Vous parlez de générations futures. Je m’en soucie aussi, contrairement au Gouvernement actuel qui ne fait rien pour réformer les régimes de retraite. Sans réforme des régimes de retraite, on va tout droit vers un grave conflit intergénérationnel.

Selon les prévisions de Statistics Mauritius, le rapport actif-retraité, qui est déjà en dessous de 4, sera inférieur à 3 avant 2028. Imaginez une situation où ceux qui travaillent ont à porter un lourd fardeau fiscal pour soutenir les retraités, pendant que le chômage des jeunes de 16 à 24 ans bat son plein.

Tous les ingrédients d’une explosion sociale y sont réunis. Les jeunes vont s’en prendre à un manque criant d’équité entre les générations.

* L’éducation a fait débat ces dernières semaines dans le sillage de la publication des résultats des examens de SC. Nous n’avons pas de statistiques pouvant nous informer à propos de la performance des étudiants issus des différentes classes sociales du pays. Mais il semble que notre politique éducative, qui a été le principal catalyseur de la mobilité sociale depuis des décennies, ne parvienne plus aujourd’hui, malgré les différentes initiatives de réforme entreprises au fil des années, à résoudre les inégalités dans la société mauricienne. Qu’en pensez-vous?
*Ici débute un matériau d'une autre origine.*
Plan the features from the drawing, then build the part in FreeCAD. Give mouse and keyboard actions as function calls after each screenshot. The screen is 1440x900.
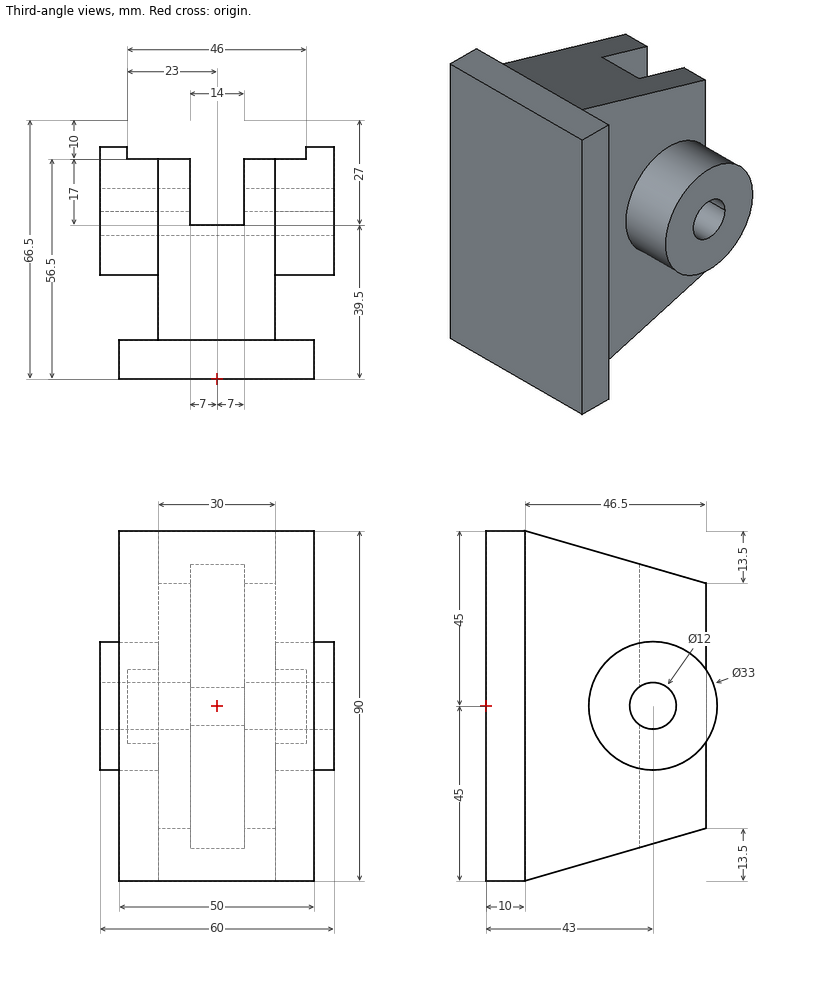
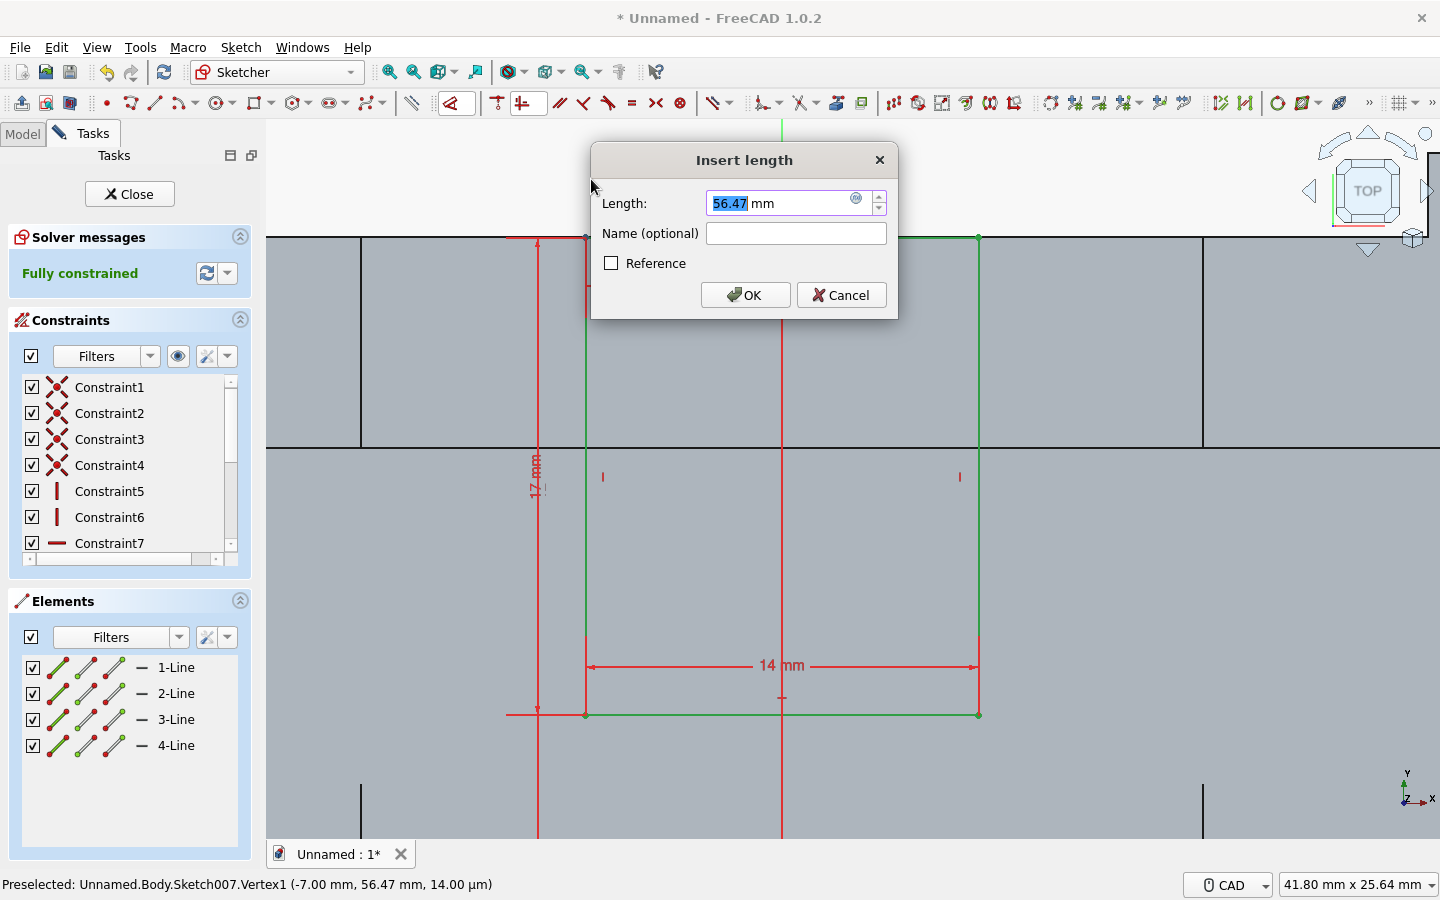
text(56.5)
key(Return)

Vous avez raison de souligner que derrière les inégalités se pose la question de notre politique éducative. Trop souvent on pointe du doigt le système économique. L’éducation est effectivement un catalyseur de l’ascension sociale en ce sens qu’elle ouvre des opportunités dans la vie économique.
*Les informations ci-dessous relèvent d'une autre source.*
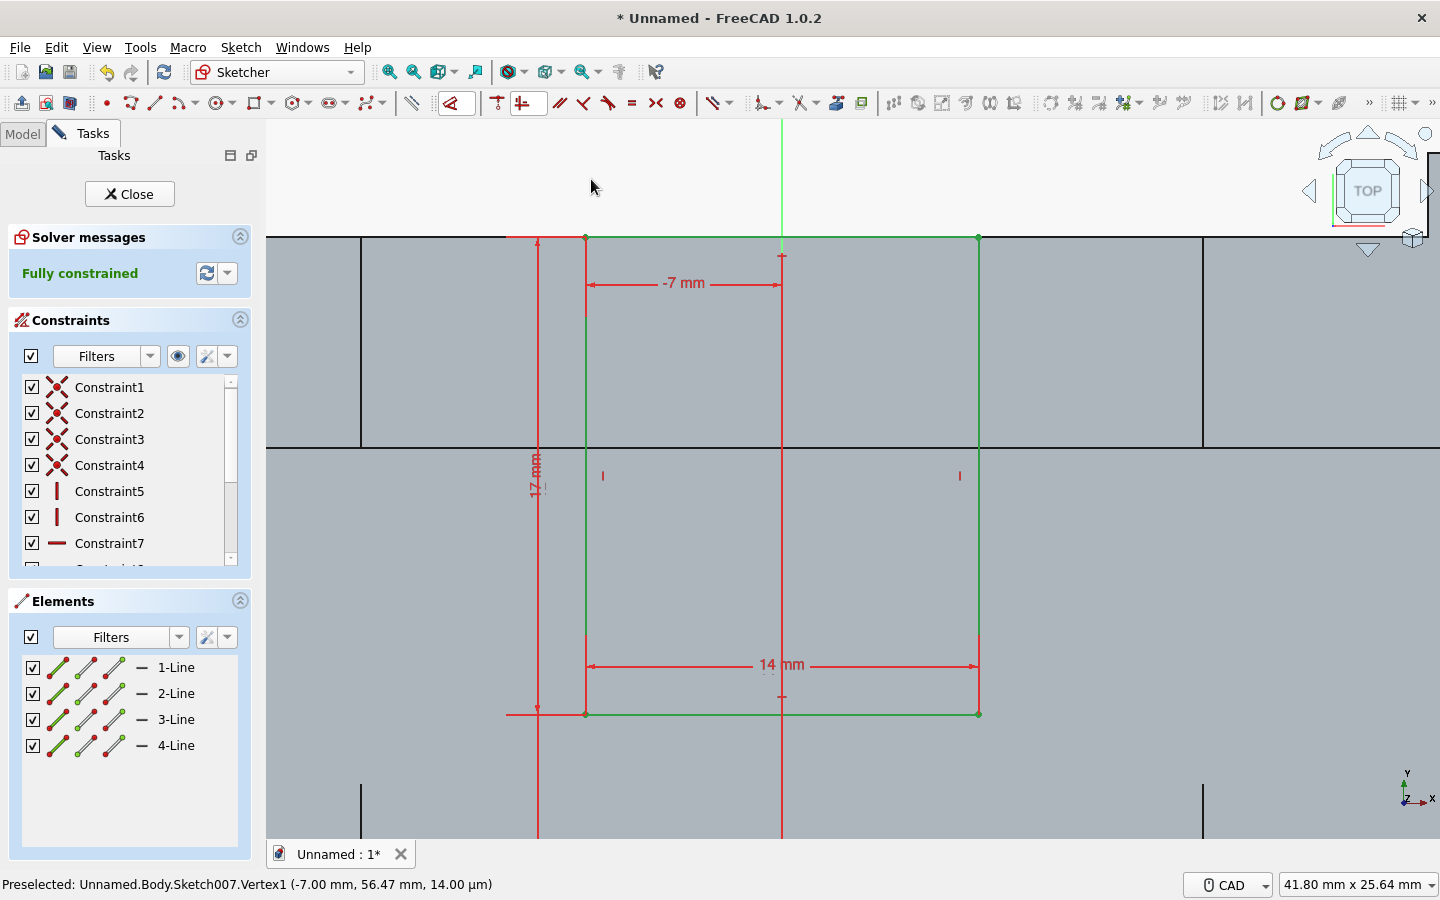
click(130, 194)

L’ironie est que, en voulant apporter une sorte d’égalité de résultats avec la promotion automatique jusqu’au Grade 9, le système de Nine-Year Schooling accentue les inégalités de performance. Il favorise encore trois années de leçons particulières, juste après le passage à l’éducation primaire, suscitant plus de stress chez de jeunes adolescents. Auparavant, les trois premières années de l’éducation secondaire étaient exemptes de pression sur les études.

Je constate aussi un nivellement par le bas de la performance éducative. C’est une bonne chose que le gouvernement ait rétabli un minimum de 5 Credits aux examens de School Certificate pour accéder au Higher School Certificate. Il convient de valoriser les filières professionnelles et vocationnelles pour inciter les jeunes peu doués académiquement à apprendre un métier.

Aujourd’hui, de nombreux postes dans le secteur de la construction ne trouvent pas preneurs parmi les Mauriciens, alors que les chercheurs d’un emploi de bureau demeurent des chômeurs. Or le chômage est une des pires formes de l’inégalité sociale.